- Extracted material -
-=-=-

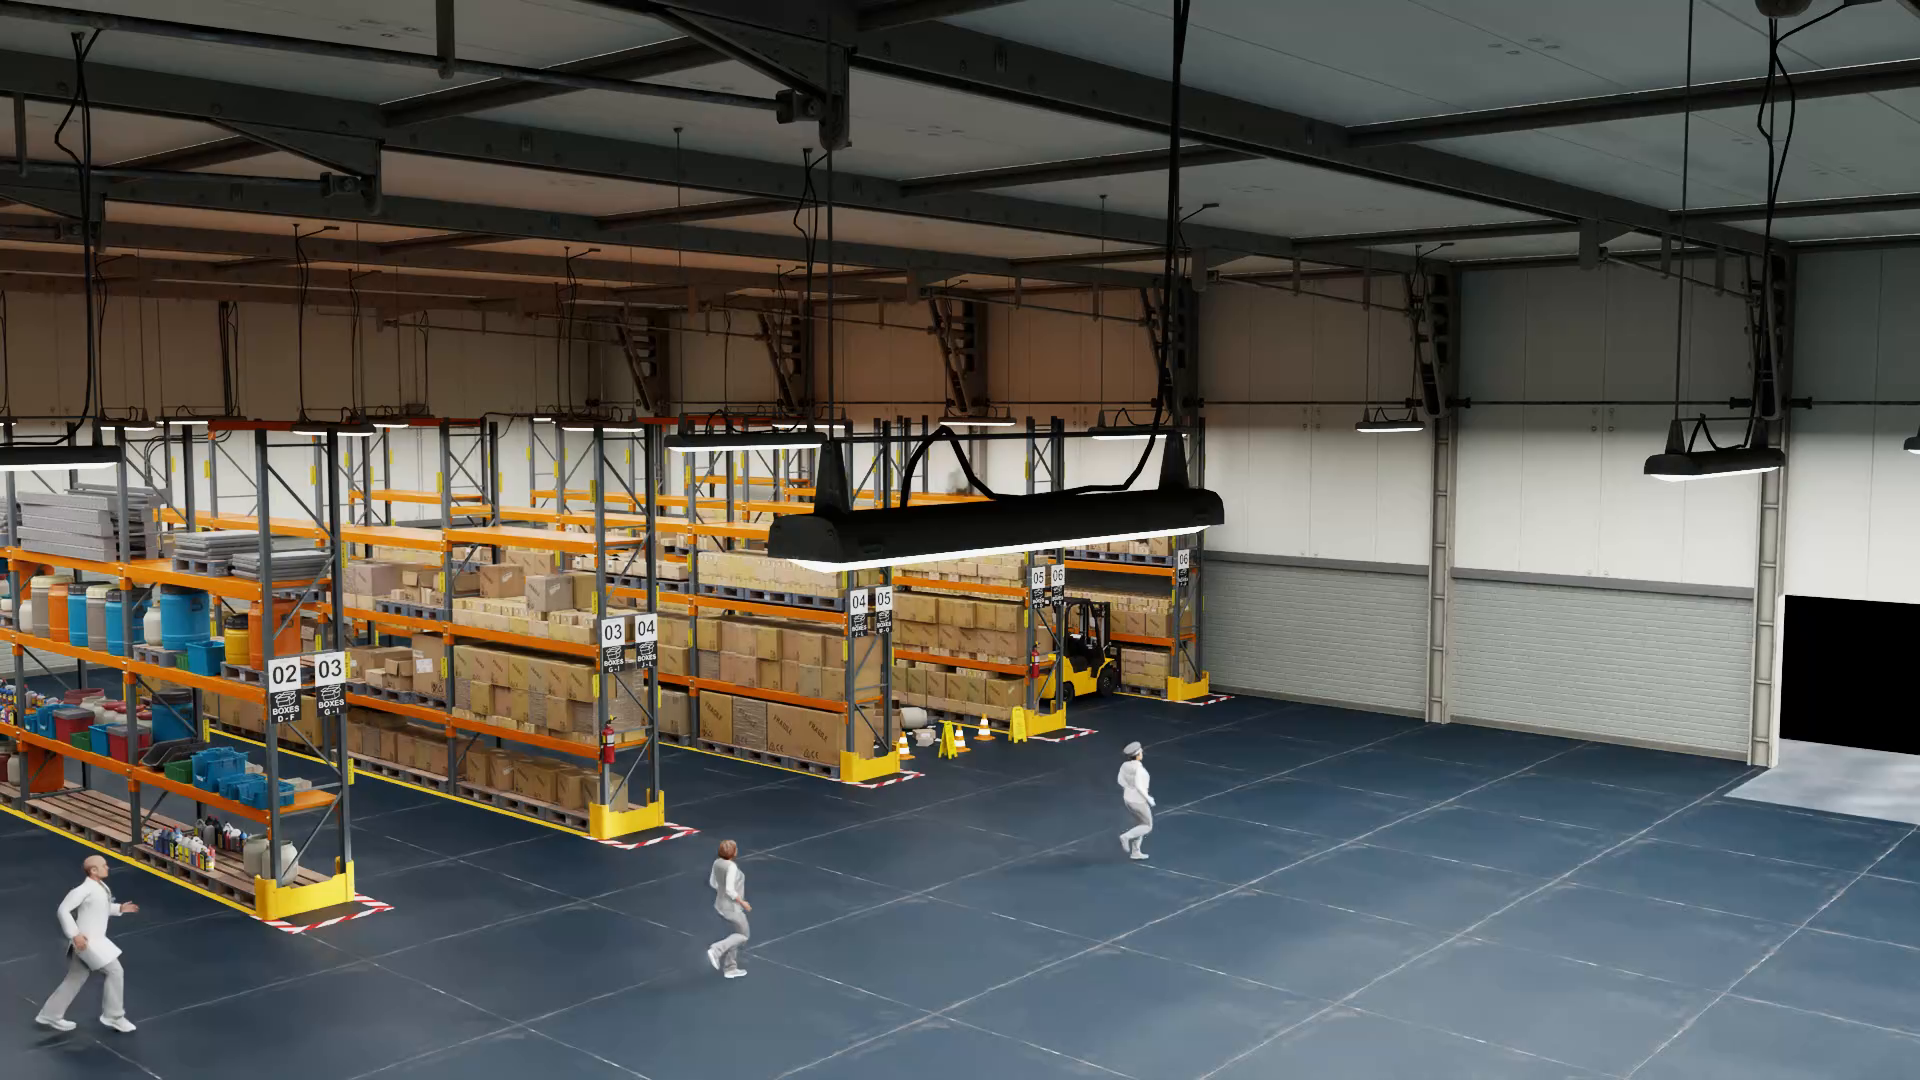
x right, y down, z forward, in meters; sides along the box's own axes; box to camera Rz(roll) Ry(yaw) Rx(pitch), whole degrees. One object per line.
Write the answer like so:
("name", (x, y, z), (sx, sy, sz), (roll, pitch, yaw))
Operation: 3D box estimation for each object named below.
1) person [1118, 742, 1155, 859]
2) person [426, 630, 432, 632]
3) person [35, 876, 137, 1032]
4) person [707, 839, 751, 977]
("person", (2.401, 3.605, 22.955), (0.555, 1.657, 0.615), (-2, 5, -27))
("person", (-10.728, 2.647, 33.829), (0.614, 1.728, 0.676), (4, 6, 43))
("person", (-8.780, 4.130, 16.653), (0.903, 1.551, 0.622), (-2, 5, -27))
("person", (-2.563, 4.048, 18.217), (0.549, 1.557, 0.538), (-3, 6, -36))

-=-=-

- Assigned task -
Only the lines from the one containing "1) person [1118, 742, 1155, 859]" through the last line above belong in your answer. Retype them exactly.

- Task answer -
1) person [1118, 742, 1155, 859]
2) person [426, 630, 432, 632]
3) person [35, 876, 137, 1032]
4) person [707, 839, 751, 977]
("person", (2.401, 3.605, 22.955), (0.555, 1.657, 0.615), (-2, 5, -27))
("person", (-10.728, 2.647, 33.829), (0.614, 1.728, 0.676), (4, 6, 43))
("person", (-8.780, 4.130, 16.653), (0.903, 1.551, 0.622), (-2, 5, -27))
("person", (-2.563, 4.048, 18.217), (0.549, 1.557, 0.538), (-3, 6, -36))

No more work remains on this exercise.